J'ai un peu la même mais seulement quand je me connecte au serveur avec l'@ DNS/IP publique, c'est fonctionnel si je contacte le serveur avec son IP intranet. J'ai l'impression que le routeur n'autorise pas les paquets à "ré-entrer" sur l'intranet. Je suis aussi chez le 9 mais avec une vieille box du Club-Internet et je suis certain que je n'avais pas ce problème quand j'étais encore au Club. Je soupçonne SFR de faire des choses dans mon dos, ou de fournir des firmware foireux  :Laughing:  !

----------

## Pedrolino

Bon je viens de modifier ma config réseau;

passer le routeur en bridge et modif du serveur..... et ça passe; j'accede en local.

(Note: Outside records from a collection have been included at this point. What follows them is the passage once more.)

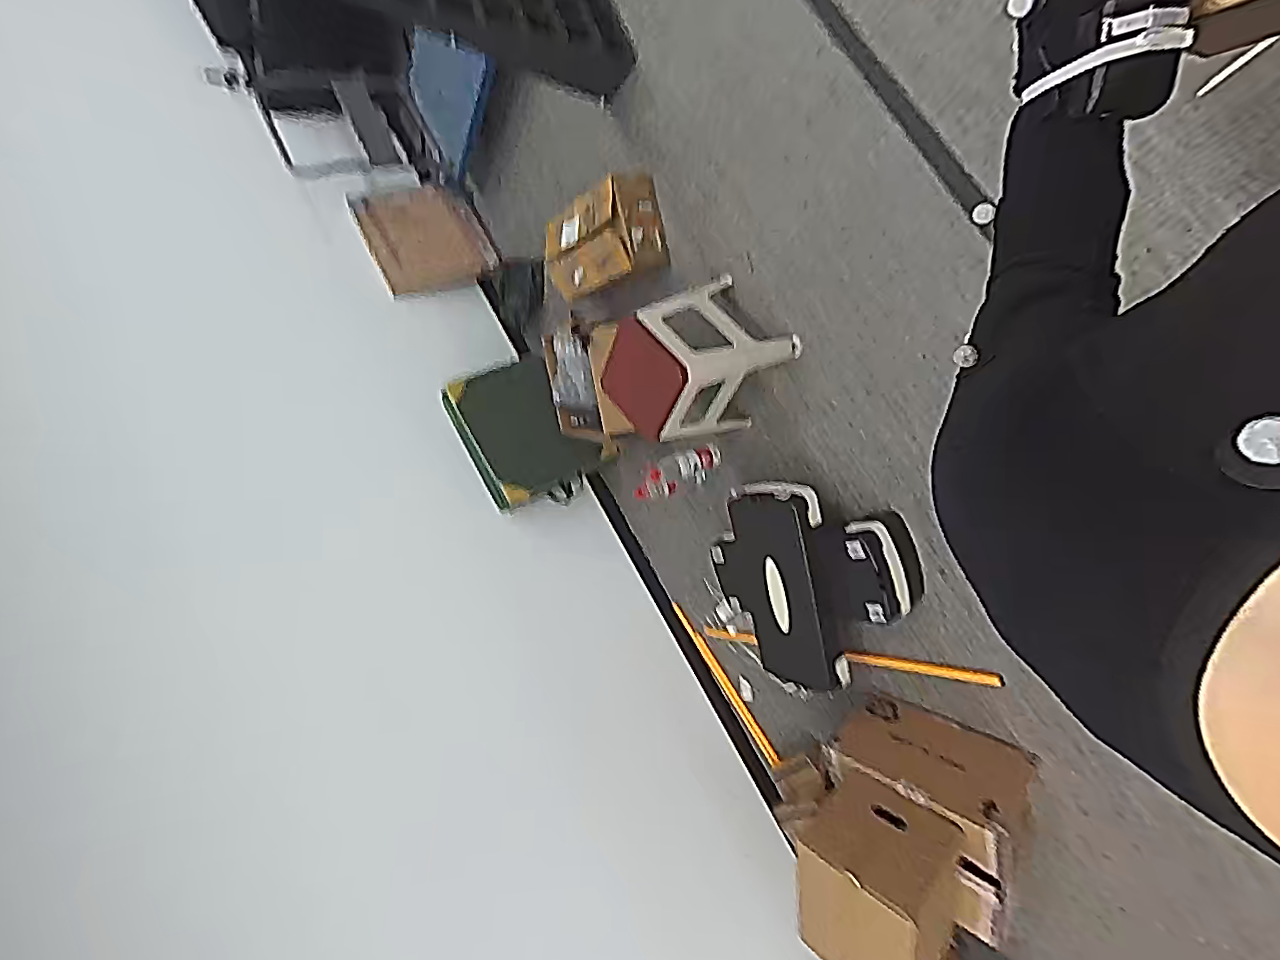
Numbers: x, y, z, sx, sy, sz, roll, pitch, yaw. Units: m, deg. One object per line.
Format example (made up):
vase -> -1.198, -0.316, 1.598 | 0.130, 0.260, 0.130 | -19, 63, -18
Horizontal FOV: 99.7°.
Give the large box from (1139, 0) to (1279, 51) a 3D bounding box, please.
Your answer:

Je detaillerais demain si ça interresse qq'un pas le temps ce soir.

Bonne soiree à tous

----------

## El_Goretto

Un routeur en mode bridge, wahou, j'espère t'as bien étudié les impacts sécu  :Smile: 

Pis ça fait cher le switch  :Very Happy: 

----------

## Poussin

 *El_Goretto wrote:*   

> Un routeur en mode bridge, wahou, j'espère t'as bien étudié les impacts sécu 
> 
> Pis ça fait cher le switch 

 

C'est quoi le soucis du bridge? Je fais pareil chez moi, la "box" de mon isp configurée en bridge et derrière un homeserver qui route.

----------

## Pedrolino

Bonjour

Bon quand je dis routeur il s'agit de ma box... donc cote cout ça va.

par contre qu'est ce que ça implique au niveau sécurité?

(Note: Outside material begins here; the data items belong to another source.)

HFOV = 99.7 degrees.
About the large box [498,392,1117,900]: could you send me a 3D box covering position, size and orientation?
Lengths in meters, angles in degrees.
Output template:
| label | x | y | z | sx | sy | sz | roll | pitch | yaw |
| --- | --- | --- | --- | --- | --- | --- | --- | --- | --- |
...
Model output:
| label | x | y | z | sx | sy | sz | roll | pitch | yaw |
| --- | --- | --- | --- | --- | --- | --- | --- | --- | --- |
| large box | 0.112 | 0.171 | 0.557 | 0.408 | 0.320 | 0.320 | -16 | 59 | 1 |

T'es sur que la box me fournissait un bon niveau de protection?

De plus derriere ma box/modem je met mon gentoo qui filtre les accès, c'est pas beau ça!

Quoi qu'il en soit le pb de départ est ciblé il s'agit bien de la box elle meme!!!

Je vais me payer un vrai routeur .... mais plus de tel ip   :Sad: 

----------